- **Your instructions**
Retyping should cover only the lines from the one containing "12) plant saucer" through the final line of the records, with pictures omitted.

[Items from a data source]
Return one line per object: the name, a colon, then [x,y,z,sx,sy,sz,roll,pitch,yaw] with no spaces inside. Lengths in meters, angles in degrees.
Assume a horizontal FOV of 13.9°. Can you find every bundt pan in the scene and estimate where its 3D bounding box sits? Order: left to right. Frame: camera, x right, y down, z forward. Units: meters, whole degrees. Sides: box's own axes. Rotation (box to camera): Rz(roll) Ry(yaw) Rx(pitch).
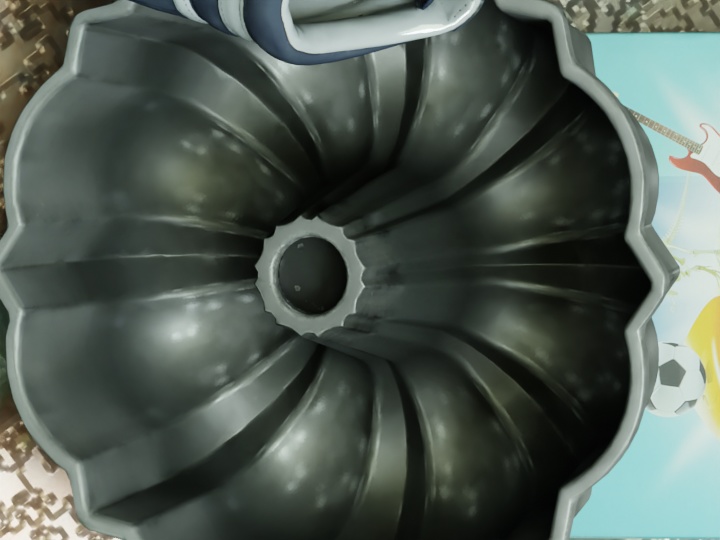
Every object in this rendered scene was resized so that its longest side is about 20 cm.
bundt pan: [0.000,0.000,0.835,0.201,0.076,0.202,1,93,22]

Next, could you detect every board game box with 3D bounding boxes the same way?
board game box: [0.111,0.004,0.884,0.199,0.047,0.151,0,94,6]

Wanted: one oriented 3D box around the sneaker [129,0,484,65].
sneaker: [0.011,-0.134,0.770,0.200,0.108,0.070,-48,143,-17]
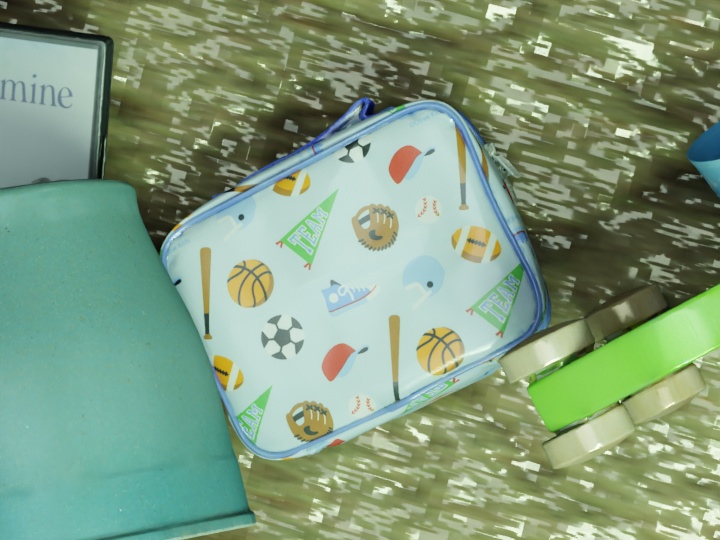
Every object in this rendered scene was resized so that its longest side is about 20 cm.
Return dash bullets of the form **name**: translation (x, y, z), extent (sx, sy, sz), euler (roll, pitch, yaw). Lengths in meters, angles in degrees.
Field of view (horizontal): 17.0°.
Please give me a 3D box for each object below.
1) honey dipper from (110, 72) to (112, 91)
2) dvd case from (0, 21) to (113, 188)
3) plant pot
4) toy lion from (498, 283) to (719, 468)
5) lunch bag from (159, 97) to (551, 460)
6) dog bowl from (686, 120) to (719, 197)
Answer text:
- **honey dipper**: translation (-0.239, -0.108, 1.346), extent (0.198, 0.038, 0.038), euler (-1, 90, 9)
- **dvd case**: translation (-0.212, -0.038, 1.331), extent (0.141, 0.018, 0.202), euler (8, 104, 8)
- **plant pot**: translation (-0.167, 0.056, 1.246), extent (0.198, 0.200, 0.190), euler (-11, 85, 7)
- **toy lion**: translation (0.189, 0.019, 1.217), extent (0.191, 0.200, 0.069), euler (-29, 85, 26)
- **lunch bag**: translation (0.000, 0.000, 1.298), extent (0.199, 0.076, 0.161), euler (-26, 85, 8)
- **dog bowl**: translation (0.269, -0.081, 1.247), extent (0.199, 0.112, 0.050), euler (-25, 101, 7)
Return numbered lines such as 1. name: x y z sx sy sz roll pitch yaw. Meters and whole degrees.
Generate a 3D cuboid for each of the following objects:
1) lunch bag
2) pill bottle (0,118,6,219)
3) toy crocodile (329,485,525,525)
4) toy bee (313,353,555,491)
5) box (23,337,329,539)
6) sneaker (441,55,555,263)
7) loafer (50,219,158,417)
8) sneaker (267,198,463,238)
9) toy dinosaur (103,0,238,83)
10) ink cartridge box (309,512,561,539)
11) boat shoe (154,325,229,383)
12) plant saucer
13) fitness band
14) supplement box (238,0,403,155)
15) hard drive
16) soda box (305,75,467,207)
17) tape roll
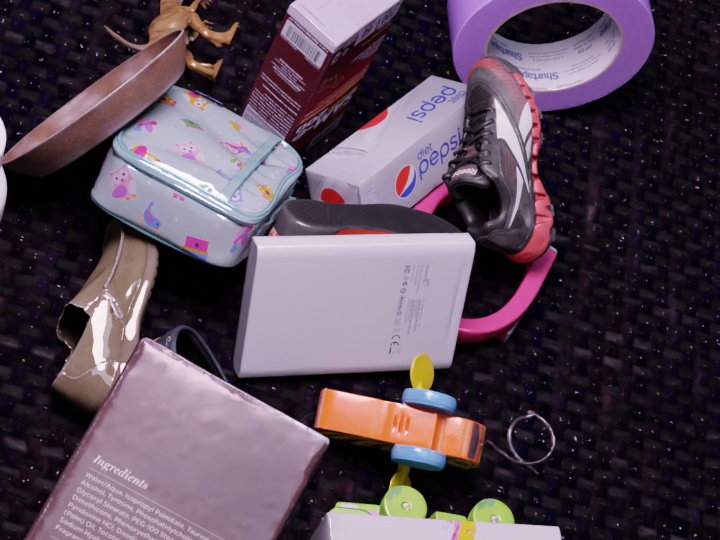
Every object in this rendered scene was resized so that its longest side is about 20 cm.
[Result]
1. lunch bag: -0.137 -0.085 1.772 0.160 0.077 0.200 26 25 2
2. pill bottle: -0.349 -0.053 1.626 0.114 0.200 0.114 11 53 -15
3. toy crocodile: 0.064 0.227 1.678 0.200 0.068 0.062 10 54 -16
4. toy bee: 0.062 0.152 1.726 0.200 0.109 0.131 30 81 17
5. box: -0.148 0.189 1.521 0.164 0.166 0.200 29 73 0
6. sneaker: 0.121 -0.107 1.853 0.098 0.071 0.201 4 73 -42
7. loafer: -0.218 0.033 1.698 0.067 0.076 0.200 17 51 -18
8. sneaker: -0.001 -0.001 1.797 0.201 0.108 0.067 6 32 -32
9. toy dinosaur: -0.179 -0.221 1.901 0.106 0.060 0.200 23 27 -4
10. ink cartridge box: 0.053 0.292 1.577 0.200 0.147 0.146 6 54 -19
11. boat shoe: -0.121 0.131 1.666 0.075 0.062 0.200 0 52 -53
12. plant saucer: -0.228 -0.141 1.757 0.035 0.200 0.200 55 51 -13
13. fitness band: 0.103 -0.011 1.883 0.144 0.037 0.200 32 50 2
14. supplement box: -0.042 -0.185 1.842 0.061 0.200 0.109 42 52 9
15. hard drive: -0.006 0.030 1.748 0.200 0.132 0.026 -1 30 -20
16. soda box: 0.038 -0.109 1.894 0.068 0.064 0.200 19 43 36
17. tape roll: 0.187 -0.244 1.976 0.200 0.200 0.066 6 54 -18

- **Completed exercise**
12) plant saucer
13) fitness band
14) supplement box (238,0,403,155)
15) hard drive
16) soda box (305,75,467,207)
17) tape roll
Every object in this rendered scene was resized so that its longest side is about 20 cm.
[Result]
1. lunch bag: -0.137 -0.085 1.772 0.160 0.077 0.200 26 25 2
2. pill bottle: -0.349 -0.053 1.626 0.114 0.200 0.114 11 53 -15
3. toy crocodile: 0.064 0.227 1.678 0.200 0.068 0.062 10 54 -16
4. toy bee: 0.062 0.152 1.726 0.200 0.109 0.131 30 81 17
5. box: -0.148 0.189 1.521 0.164 0.166 0.200 29 73 0
6. sneaker: 0.121 -0.107 1.853 0.098 0.071 0.201 4 73 -42
7. loafer: -0.218 0.033 1.698 0.067 0.076 0.200 17 51 -18
8. sneaker: -0.001 -0.001 1.797 0.201 0.108 0.067 6 32 -32
9. toy dinosaur: -0.179 -0.221 1.901 0.106 0.060 0.200 23 27 -4
10. ink cartridge box: 0.053 0.292 1.577 0.200 0.147 0.146 6 54 -19
11. boat shoe: -0.121 0.131 1.666 0.075 0.062 0.200 0 52 -53
12. plant saucer: -0.228 -0.141 1.757 0.035 0.200 0.200 55 51 -13
13. fitness band: 0.103 -0.011 1.883 0.144 0.037 0.200 32 50 2
14. supplement box: -0.042 -0.185 1.842 0.061 0.200 0.109 42 52 9
15. hard drive: -0.006 0.030 1.748 0.200 0.132 0.026 -1 30 -20
16. soda box: 0.038 -0.109 1.894 0.068 0.064 0.200 19 43 36
17. tape roll: 0.187 -0.244 1.976 0.200 0.200 0.066 6 54 -18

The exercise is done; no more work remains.